[Data records]
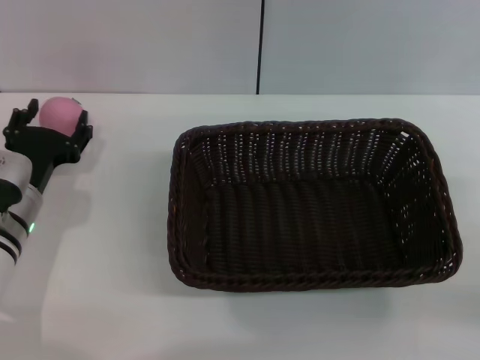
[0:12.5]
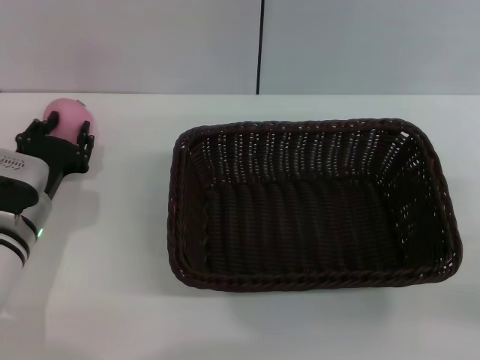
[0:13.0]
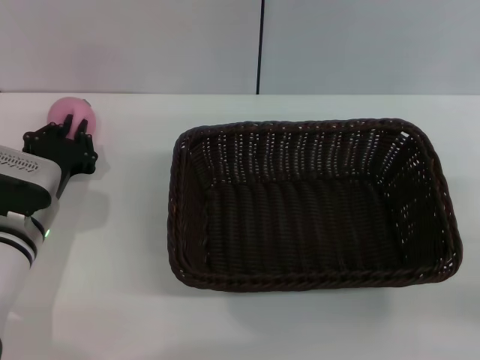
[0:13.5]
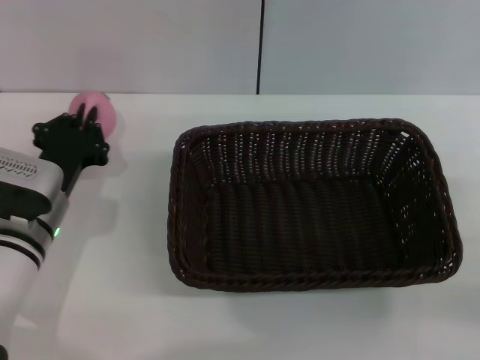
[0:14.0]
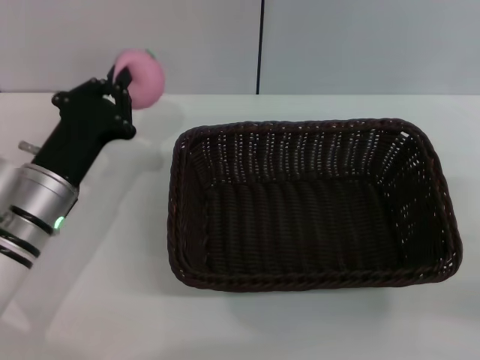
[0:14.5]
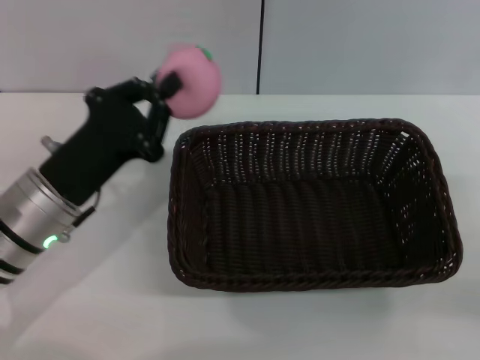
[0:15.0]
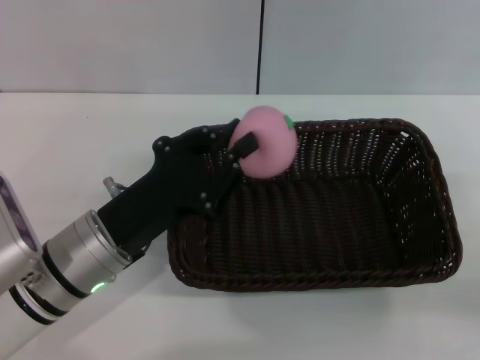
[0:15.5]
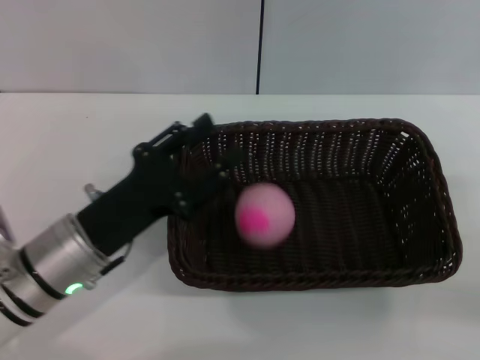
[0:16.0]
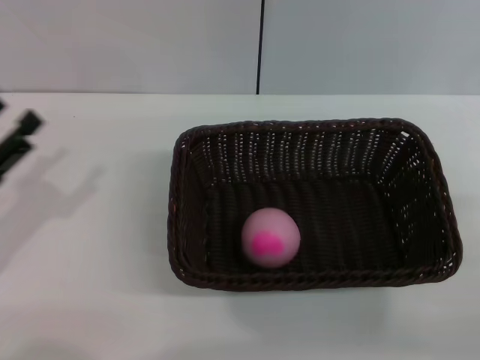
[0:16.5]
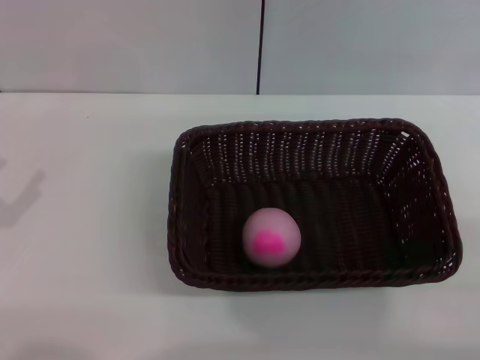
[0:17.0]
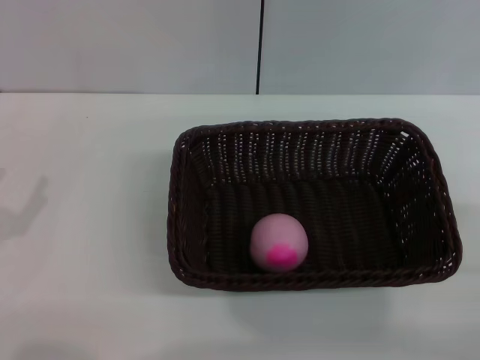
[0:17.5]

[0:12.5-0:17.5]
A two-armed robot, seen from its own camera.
Step, 0:12.5 to 0:14.5: Pick up the peach with the left gripper.
Step, 0:15.0 to 0:16.0: Place the peach into the basket with the left gripper.
0:12.5 to 0:15.0: The left gripper goes about 5 cm upward, and closes.
0:15.0 to 0:17.5: The left gripper travels to the left and backward by some 15 cm, and opens.
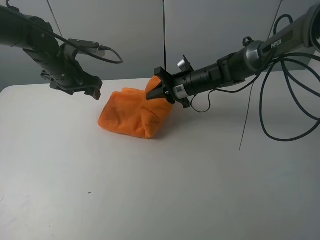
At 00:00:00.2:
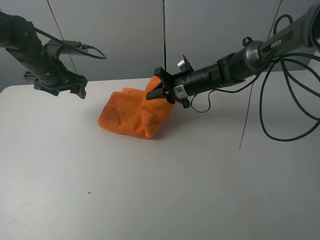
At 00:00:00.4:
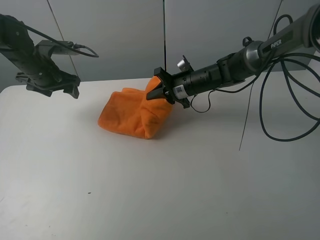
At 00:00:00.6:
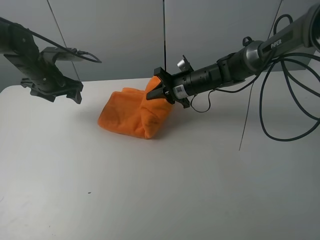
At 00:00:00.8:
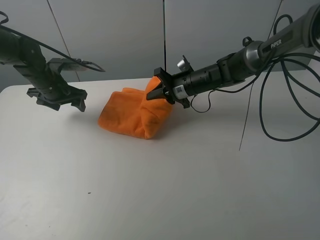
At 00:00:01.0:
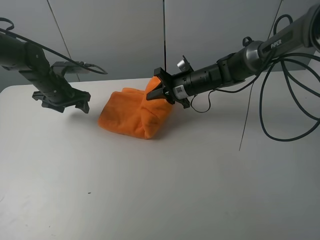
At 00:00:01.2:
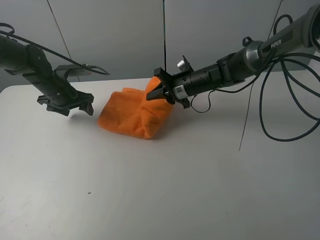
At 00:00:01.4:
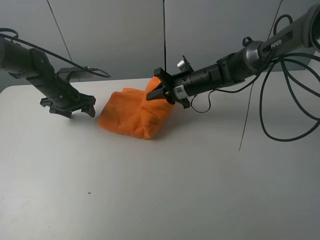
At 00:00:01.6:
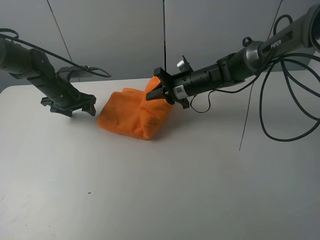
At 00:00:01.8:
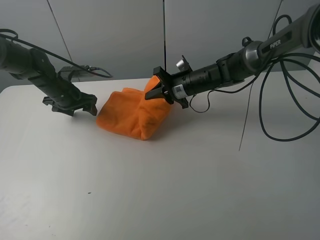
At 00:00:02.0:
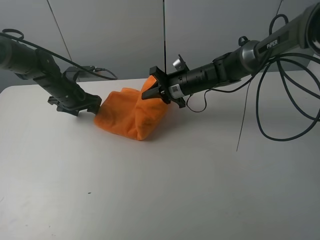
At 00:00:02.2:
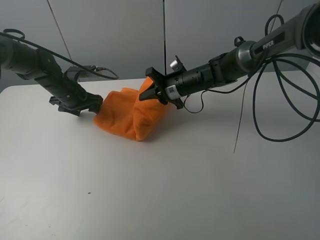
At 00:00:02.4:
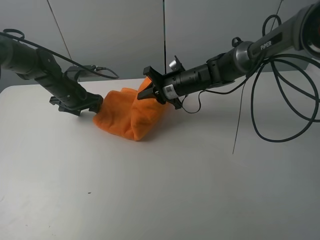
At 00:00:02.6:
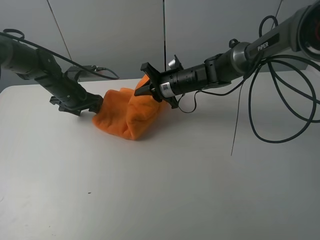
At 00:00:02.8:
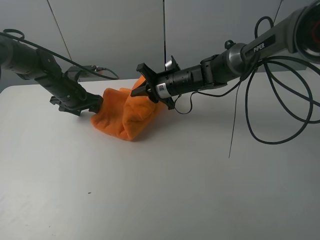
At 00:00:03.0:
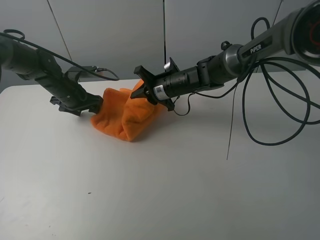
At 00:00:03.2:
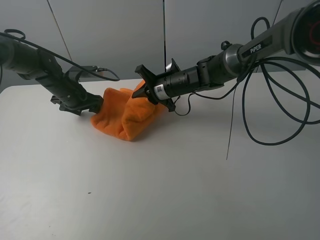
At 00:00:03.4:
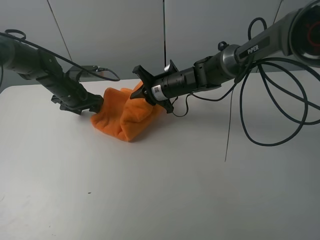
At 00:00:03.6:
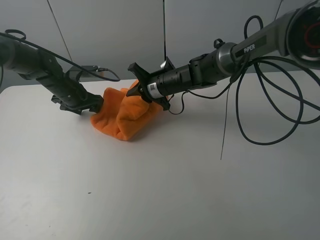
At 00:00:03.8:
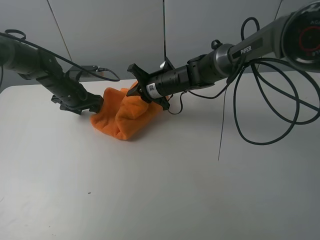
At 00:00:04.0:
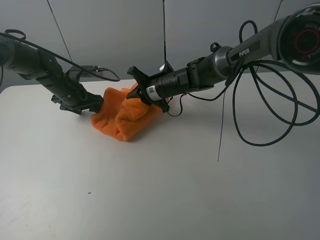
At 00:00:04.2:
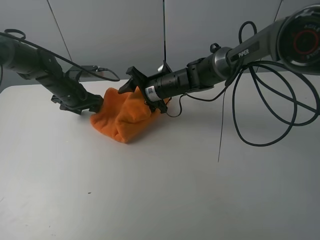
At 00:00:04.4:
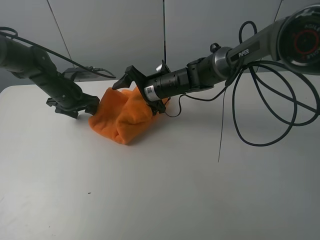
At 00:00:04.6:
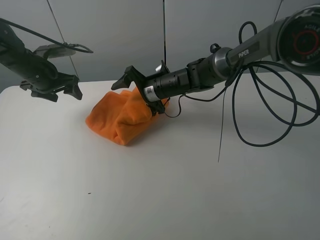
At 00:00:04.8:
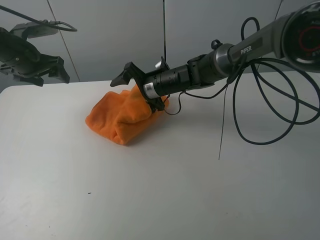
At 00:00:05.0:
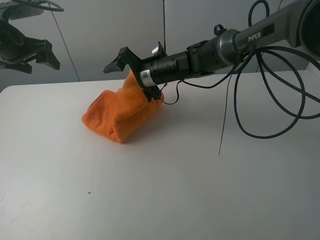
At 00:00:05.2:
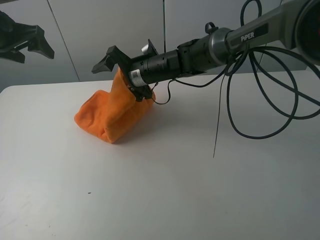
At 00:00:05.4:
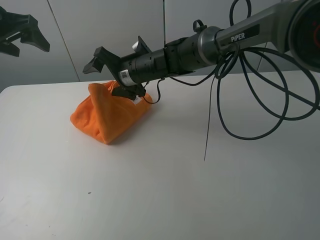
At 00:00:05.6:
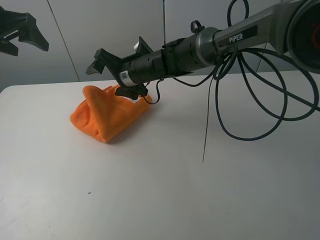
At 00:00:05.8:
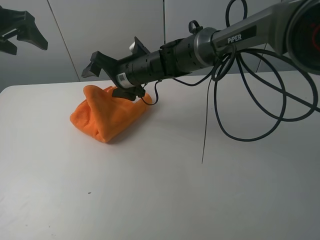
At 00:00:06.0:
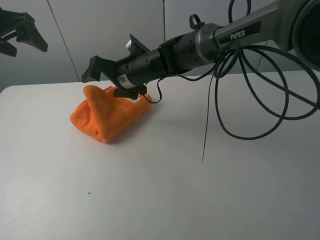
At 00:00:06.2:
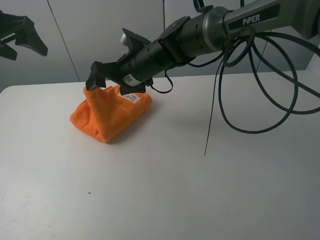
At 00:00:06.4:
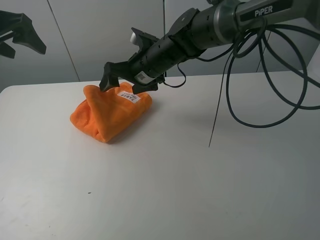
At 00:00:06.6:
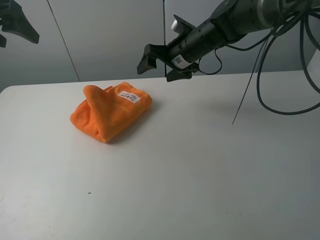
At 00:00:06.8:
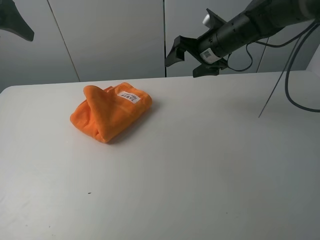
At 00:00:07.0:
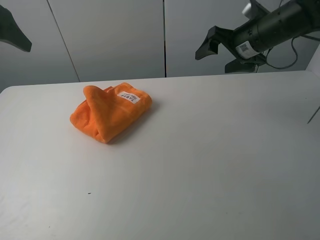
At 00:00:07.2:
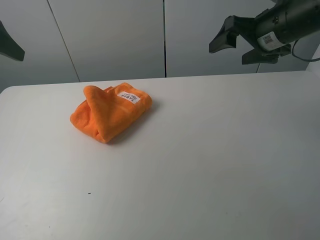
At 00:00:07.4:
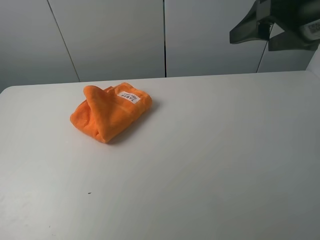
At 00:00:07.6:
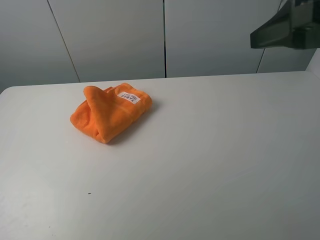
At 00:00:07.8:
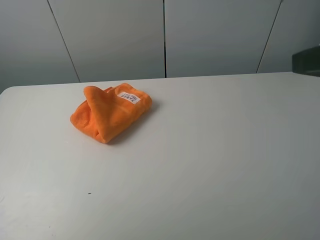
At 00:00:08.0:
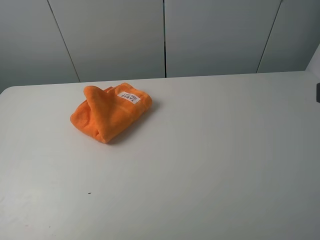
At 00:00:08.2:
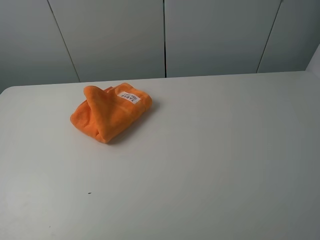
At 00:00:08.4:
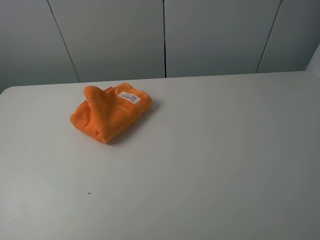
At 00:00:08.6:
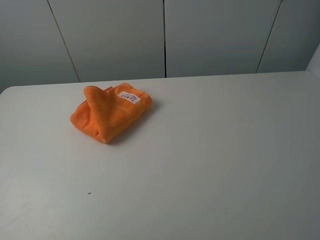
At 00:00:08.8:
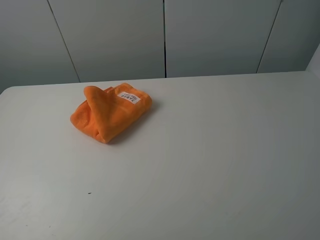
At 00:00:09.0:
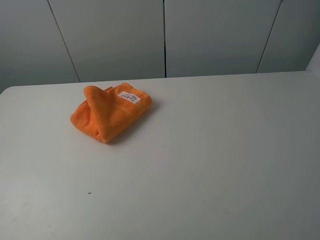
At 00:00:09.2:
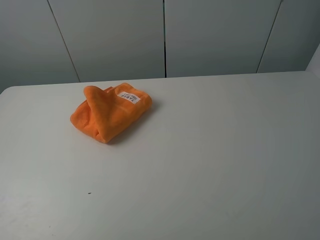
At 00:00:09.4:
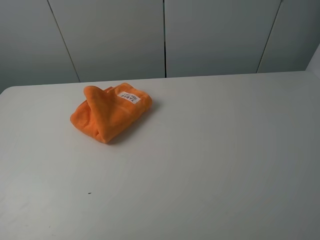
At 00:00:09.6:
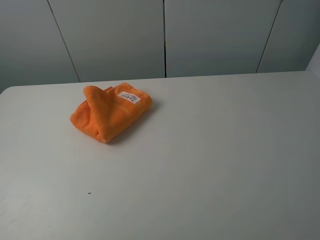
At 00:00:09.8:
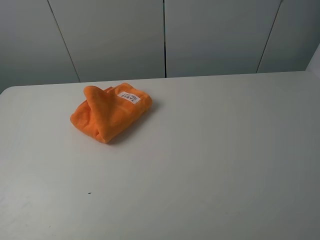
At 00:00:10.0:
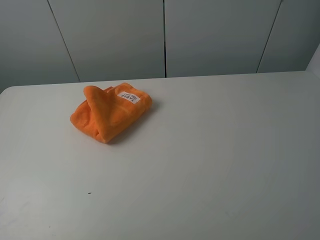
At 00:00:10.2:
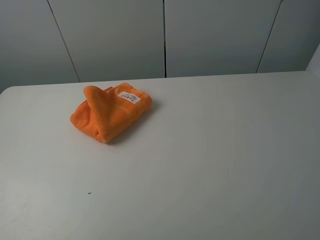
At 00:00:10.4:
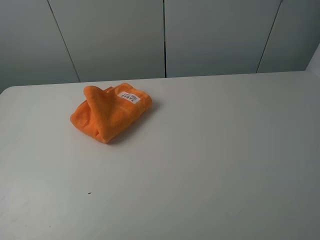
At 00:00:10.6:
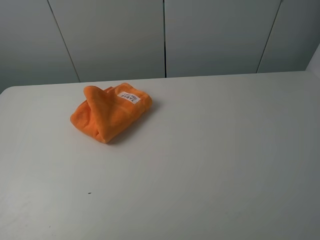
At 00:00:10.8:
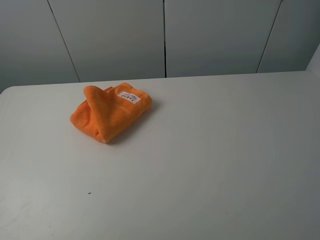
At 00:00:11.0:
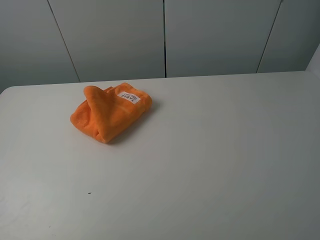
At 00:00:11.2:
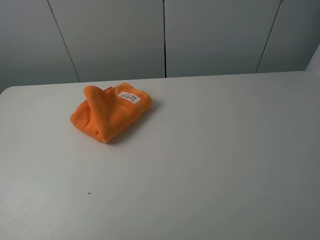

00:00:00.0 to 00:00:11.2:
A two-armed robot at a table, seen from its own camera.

> **INSTRUCTIONS FOR THE TASK**:
A verbatim reproduction of each entry is expected, with every picture omitted.

> **EXPECTED OUTPUT**:
[0:12.5]
[0:13.0]
[0:13.5]
[0:14.0]
[0:14.5]
[0:15.0]
[0:15.5]
[0:16.0]
[0:16.5]
[0:17.0]
[0:17.5]

[0:12.5-0:17.5]
A two-armed robot, seen from its own camera.
Step, 0:12.5 to 0:14.5: Pick up the peach with the left gripper.
Step, 0:15.0 to 0:16.0: Place the peach into the basket with the left gripper.
0:12.5 to 0:15.0: The left gripper goes about 5 cm upward, and closes.
0:15.0 to 0:17.5: The left gripper travels to the left and backward by some 15 cm, and opens.
At 00:00:00.2:
At 00:00:00.4:
At 00:00:00.6:
At 00:00:00.8:
At 00:00:01.0:
At 00:00:01.2:
At 00:00:01.4:
At 00:00:01.6:
At 00:00:01.8:
At 00:00:02.0:
At 00:00:02.2:
At 00:00:02.4:
At 00:00:02.6:
At 00:00:02.8:
At 00:00:03.0:
At 00:00:03.2:
At 00:00:03.4:
At 00:00:03.6:
At 00:00:03.8:
At 00:00:04.0:
At 00:00:04.2:
At 00:00:04.4:
At 00:00:04.6:
At 00:00:04.8:
At 00:00:05.0:
At 00:00:05.2:
At 00:00:05.4:
At 00:00:05.6:
At 00:00:05.8:
At 00:00:06.0:
At 00:00:06.2:
At 00:00:06.4:
At 00:00:06.6:
At 00:00:06.8:
At 00:00:07.0:
At 00:00:07.2:
At 00:00:07.4:
At 00:00:07.6:
At 00:00:07.8:
At 00:00:08.0:
At 00:00:08.2:
At 00:00:08.4:
At 00:00:08.6:
At 00:00:08.8:
At 00:00:09.0:
At 00:00:09.2:
At 00:00:09.4:
At 00:00:09.6:
At 00:00:09.8:
At 00:00:10.0:
At 00:00:10.2:
At 00:00:10.4:
At 00:00:10.6:
At 00:00:10.8:
At 00:00:11.0:
At 00:00:11.2:

00:00:00.0 to 00:00:11.2:
A two-armed robot at a table, seen from its own camera.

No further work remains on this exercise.